15.1. All Grants awarded by Blood Cancer UK are subject to the Terms and Conditions that apply at the time the Grant is awarded and any subsequent amendments. Blood Cancer UK reserves the right to amend these Grant Terms and Conditions and the Grant Policies from time to time. Blood Cancer UK will publish any change to the Grant Conditions or the Grant Policies on its website.

15.2. In the event of a conflict between the provisions of these Grant Conditions as amended from time to time and of the Grant Award Letter, the provisions of the Grant Award Letter will take precedence.

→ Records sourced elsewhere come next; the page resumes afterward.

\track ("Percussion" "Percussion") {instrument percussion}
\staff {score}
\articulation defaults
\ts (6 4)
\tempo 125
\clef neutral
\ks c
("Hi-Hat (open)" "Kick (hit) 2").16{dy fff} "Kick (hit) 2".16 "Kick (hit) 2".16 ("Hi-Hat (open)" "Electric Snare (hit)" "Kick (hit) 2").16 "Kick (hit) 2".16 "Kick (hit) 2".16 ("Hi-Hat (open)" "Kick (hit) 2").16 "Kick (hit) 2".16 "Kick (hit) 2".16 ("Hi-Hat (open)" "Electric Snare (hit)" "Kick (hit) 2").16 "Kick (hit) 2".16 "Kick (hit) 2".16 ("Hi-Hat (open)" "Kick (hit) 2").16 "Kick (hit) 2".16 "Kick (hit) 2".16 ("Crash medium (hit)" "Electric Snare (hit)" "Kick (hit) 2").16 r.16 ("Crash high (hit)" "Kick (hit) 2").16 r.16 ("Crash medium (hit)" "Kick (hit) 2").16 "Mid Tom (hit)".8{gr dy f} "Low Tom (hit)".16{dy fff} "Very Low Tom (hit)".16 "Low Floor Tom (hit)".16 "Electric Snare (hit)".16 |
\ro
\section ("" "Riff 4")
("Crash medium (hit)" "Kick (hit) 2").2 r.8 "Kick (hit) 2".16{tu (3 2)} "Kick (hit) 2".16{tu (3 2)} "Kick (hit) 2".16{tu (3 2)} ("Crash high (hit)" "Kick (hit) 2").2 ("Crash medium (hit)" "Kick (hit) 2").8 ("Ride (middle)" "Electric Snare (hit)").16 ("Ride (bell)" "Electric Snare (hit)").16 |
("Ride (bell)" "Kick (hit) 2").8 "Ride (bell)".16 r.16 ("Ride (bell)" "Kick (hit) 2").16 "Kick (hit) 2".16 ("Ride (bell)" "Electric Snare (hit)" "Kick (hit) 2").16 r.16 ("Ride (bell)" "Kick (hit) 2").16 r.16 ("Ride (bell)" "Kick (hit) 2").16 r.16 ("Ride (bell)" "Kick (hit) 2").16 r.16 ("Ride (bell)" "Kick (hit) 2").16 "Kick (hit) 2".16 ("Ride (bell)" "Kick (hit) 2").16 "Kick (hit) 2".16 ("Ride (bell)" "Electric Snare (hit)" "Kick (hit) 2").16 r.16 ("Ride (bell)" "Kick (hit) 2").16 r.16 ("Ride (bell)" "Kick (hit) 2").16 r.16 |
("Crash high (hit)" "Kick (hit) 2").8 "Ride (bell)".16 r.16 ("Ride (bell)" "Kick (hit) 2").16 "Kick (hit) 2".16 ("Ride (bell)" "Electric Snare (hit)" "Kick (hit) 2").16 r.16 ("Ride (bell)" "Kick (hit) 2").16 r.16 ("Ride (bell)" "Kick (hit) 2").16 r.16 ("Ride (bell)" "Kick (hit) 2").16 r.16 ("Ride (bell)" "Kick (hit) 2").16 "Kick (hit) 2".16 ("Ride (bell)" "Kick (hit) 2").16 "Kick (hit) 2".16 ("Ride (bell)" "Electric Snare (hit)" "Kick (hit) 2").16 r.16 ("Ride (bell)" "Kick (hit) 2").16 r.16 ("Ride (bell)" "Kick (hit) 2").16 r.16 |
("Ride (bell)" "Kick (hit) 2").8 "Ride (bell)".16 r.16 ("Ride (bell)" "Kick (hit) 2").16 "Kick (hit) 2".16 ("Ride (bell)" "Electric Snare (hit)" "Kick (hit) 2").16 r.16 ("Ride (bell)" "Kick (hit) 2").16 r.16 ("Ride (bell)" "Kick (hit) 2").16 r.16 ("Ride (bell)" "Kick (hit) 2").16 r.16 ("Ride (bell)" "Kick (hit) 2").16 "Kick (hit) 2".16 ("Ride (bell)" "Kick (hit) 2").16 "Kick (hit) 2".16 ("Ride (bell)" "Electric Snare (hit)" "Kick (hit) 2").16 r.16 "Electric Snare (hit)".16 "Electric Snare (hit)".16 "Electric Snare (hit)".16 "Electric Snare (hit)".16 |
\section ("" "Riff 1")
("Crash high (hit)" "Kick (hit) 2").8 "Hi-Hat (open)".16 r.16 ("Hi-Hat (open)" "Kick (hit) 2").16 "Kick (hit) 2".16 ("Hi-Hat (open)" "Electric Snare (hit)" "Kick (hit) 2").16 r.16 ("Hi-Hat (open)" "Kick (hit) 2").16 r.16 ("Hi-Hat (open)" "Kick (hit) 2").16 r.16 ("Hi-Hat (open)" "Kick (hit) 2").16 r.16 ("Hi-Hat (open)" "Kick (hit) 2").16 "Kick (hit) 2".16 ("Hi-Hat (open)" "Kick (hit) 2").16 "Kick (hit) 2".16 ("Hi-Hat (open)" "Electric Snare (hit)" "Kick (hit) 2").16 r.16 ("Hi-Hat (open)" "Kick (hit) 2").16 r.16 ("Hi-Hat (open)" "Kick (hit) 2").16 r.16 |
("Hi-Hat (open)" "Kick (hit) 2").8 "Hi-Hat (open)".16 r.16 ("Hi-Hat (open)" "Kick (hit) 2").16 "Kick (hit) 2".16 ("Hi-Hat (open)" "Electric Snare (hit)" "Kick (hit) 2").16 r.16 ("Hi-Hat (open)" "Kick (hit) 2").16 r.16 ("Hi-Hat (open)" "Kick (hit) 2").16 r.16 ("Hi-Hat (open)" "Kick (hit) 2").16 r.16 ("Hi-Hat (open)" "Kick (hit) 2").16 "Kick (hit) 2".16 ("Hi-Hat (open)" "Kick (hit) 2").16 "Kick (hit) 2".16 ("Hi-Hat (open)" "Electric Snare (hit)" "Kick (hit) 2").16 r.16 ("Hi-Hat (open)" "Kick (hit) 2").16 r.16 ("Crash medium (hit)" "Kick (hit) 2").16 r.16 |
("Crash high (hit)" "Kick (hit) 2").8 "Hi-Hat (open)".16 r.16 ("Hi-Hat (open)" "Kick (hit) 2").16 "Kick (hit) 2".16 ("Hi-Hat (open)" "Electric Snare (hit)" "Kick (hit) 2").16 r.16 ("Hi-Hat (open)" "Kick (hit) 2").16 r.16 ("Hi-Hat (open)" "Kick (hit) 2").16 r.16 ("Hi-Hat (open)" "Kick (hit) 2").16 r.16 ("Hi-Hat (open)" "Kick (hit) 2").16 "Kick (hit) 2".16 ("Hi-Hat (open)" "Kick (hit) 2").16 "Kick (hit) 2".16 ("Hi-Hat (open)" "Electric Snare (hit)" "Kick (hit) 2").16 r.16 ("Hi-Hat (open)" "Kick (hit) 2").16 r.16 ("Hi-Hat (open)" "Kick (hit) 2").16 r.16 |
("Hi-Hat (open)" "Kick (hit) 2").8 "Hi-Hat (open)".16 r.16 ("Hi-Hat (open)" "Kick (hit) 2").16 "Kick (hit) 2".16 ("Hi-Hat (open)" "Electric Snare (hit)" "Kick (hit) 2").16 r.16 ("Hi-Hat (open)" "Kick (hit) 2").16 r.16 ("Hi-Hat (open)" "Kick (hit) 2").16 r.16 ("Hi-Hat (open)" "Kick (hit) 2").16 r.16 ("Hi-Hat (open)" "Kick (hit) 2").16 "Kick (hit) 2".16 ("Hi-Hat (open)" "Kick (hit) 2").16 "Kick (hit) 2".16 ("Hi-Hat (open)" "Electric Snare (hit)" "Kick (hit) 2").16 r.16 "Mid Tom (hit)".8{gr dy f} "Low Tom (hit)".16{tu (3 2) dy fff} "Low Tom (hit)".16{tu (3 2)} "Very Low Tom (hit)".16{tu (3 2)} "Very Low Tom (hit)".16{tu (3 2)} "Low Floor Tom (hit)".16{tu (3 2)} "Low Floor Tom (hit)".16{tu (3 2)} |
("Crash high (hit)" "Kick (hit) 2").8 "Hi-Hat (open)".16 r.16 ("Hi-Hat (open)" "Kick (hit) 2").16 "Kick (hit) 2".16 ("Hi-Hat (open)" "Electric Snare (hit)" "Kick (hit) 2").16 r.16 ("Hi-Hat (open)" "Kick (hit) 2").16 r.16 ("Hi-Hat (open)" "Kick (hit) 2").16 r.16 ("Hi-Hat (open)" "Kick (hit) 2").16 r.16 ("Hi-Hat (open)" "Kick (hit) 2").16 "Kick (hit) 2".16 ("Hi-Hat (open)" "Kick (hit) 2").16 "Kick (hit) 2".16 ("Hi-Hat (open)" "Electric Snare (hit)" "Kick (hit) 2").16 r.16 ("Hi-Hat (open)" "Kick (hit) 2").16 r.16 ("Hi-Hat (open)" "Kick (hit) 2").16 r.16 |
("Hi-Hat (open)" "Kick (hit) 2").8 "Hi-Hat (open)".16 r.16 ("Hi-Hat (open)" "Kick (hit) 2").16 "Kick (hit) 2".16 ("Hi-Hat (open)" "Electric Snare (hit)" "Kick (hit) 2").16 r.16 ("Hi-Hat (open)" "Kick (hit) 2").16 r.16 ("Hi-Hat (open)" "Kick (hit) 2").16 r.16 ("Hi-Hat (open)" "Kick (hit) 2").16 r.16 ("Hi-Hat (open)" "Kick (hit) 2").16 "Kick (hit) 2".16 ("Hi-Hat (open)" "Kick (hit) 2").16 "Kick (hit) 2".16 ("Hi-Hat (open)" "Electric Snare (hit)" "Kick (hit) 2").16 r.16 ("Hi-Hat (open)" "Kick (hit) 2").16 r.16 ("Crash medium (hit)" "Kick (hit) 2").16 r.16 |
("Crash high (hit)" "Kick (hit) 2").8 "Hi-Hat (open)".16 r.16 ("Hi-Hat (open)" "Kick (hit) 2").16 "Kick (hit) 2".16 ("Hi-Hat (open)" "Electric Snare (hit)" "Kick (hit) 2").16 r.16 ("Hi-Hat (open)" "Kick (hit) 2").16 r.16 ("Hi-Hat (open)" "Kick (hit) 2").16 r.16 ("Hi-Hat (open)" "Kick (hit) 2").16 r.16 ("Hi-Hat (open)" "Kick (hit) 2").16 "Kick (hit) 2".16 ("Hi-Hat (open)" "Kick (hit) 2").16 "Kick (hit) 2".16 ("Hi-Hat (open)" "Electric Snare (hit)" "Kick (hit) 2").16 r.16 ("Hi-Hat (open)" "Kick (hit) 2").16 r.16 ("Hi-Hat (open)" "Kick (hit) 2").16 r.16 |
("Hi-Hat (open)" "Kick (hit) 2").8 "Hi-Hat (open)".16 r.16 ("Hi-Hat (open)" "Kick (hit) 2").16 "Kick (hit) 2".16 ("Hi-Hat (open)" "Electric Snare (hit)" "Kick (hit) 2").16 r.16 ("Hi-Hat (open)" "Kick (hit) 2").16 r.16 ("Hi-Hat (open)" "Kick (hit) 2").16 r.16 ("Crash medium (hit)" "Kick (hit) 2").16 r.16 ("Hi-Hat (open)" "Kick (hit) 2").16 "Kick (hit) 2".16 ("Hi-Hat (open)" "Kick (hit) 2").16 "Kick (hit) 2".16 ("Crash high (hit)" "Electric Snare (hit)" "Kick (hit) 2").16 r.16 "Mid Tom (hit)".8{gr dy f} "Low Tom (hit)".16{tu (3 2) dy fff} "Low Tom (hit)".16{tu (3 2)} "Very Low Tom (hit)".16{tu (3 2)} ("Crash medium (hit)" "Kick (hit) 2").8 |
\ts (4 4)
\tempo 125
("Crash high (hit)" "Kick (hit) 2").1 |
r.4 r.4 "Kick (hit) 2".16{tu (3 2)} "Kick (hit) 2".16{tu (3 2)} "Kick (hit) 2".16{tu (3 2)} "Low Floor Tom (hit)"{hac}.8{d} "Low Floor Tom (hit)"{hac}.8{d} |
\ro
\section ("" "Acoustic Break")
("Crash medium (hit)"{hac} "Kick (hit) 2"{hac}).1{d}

15.3. Blood Cancer UK reserves the right to withhold or suspend the Grant with immediate effect if there is a financial or other substantial reason to do so.

15.4. Blood Cancer UK reserves the right to terminate the Grant with sixty (60) days’ written notice if there is a financial or other substantial reason to do so.

15.5. For the avoidance of doubt, a ‘substantial reason’ under clauses 15.3 and 15.4 shall include (without limitation) if a Host Institution breaches clause 14.4 and if allegations relating to a Misconduct Incident are upheld against a Grant Holder as set out in clause 14.6.

15.6. Blood Cancer UK reserves the right to terminate the Grant with immediate effect if the Host Institution is in breach of any of its obligations hereunder and fails to remedy such breach where it is capable of remedy within sixty (60) days of a written notice from Blood Cancer UK specifying the breach and requiring its remedy.

15.7. Blood Cancer UK reserves the right to terminate the Grant with immediate effect if the Host Institution does anything which in the opinion of Blood Cancer UK brings or is reasonably likely to bring Blood Cancer UK’s reputation into disrepute.

16.1. These Grant Conditions shall be governed by and construed in accordance with English law. The Host Institution and the Grant Holder(s) irrevocably submit to the exclusive jurisdiction of the English Courts to settle all matters in connection with the Grant Conditions.